$f$-GAIL: Learning $f$-Divergence for Generative Adversarial Imitation Learning
This work addresses the challenge of improving imitation learning efficiency and performance for robotics and control applications, though it is incremental as it builds on existing GAIL frameworks.
The paper tackles the problem of selecting an appropriate divergence measure for imitation learning by proposing $f$-GAIL, which automatically learns an $f$-divergence from expert demonstrations, resulting in better policies with higher data efficiency across six physics-based control tasks.

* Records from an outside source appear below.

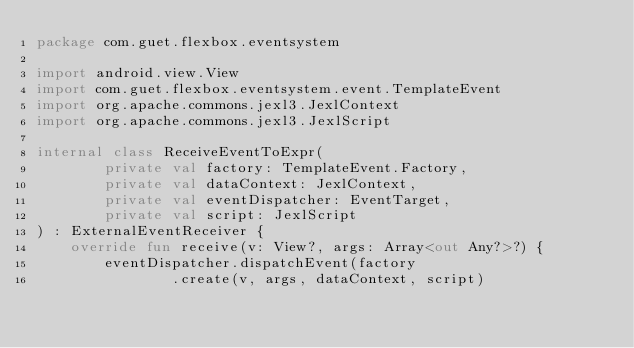<code> <loc_0><loc_0><loc_500><loc_500><_Kotlin_>package com.guet.flexbox.eventsystem

import android.view.View
import com.guet.flexbox.eventsystem.event.TemplateEvent
import org.apache.commons.jexl3.JexlContext
import org.apache.commons.jexl3.JexlScript

internal class ReceiveEventToExpr(
        private val factory: TemplateEvent.Factory,
        private val dataContext: JexlContext,
        private val eventDispatcher: EventTarget,
        private val script: JexlScript
) : ExternalEventReceiver {
    override fun receive(v: View?, args: Array<out Any?>?) {
        eventDispatcher.dispatchEvent(factory
                .create(v, args, dataContext, script)</code> 
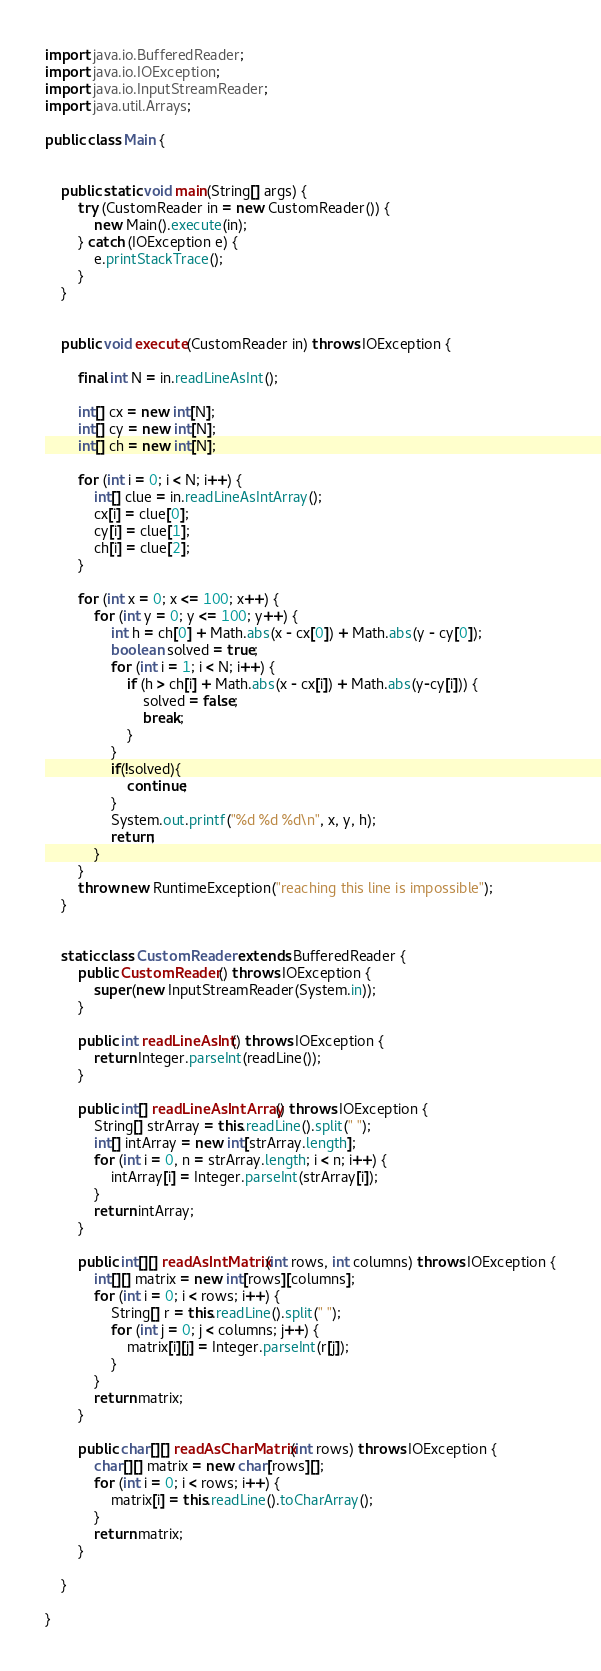Convert code to text. <code><loc_0><loc_0><loc_500><loc_500><_Java_>import java.io.BufferedReader;
import java.io.IOException;
import java.io.InputStreamReader;
import java.util.Arrays;

public class Main {


    public static void main(String[] args) {
        try (CustomReader in = new CustomReader()) {
            new Main().execute(in);
        } catch (IOException e) {
            e.printStackTrace();
        }
    }


    public void execute(CustomReader in) throws IOException {

        final int N = in.readLineAsInt();

        int[] cx = new int[N];
        int[] cy = new int[N];
        int[] ch = new int[N];

        for (int i = 0; i < N; i++) {
            int[] clue = in.readLineAsIntArray();
            cx[i] = clue[0];
            cy[i] = clue[1];
            ch[i] = clue[2];
        }

        for (int x = 0; x <= 100; x++) {
            for (int y = 0; y <= 100; y++) {
                int h = ch[0] + Math.abs(x - cx[0]) + Math.abs(y - cy[0]);
                boolean solved = true;
                for (int i = 1; i < N; i++) {
                    if (h > ch[i] + Math.abs(x - cx[i]) + Math.abs(y-cy[i])) {
                        solved = false;
                        break;
                    }
                }
                if(!solved){
                    continue;
                }
                System.out.printf("%d %d %d\n", x, y, h);
                return;
            }
        }
        throw new RuntimeException("reaching this line is impossible");
    }


    static class CustomReader extends BufferedReader {
        public CustomReader() throws IOException {
            super(new InputStreamReader(System.in));
        }

        public int readLineAsInt() throws IOException {
            return Integer.parseInt(readLine());
        }

        public int[] readLineAsIntArray() throws IOException {
            String[] strArray = this.readLine().split(" ");
            int[] intArray = new int[strArray.length];
            for (int i = 0, n = strArray.length; i < n; i++) {
                intArray[i] = Integer.parseInt(strArray[i]);
            }
            return intArray;
        }

        public int[][] readAsIntMatrix(int rows, int columns) throws IOException {
            int[][] matrix = new int[rows][columns];
            for (int i = 0; i < rows; i++) {
                String[] r = this.readLine().split(" ");
                for (int j = 0; j < columns; j++) {
                    matrix[i][j] = Integer.parseInt(r[j]);
                }
            }
            return matrix;
        }

        public char[][] readAsCharMatrix(int rows) throws IOException {
            char[][] matrix = new char[rows][];
            for (int i = 0; i < rows; i++) {
                matrix[i] = this.readLine().toCharArray();
            }
            return matrix;
        }

    }

}</code>

Imitation learning (IL) aims to learn a policy from expert demonstrations that minimizes the discrepancy between the learner and expert behaviors. Various imitation learning algorithms have been proposed with different pre-determined divergences to quantify the discrepancy. This naturally gives rise to the following question: Given a set of expert demonstrations, which divergence can recover the expert policy more accurately with higher data efficiency? In this work, we propose $f$-GAIL, a new generative adversarial imitation learning (GAIL) model, that automatically learns a discrepancy measure from the $f$-divergence family as well as a policy capable of producing expert-like behaviors. Compared with IL baselines with various predefined divergence measures, $f$-GAIL learns better policies with higher data efficiency in six physics-based control tasks.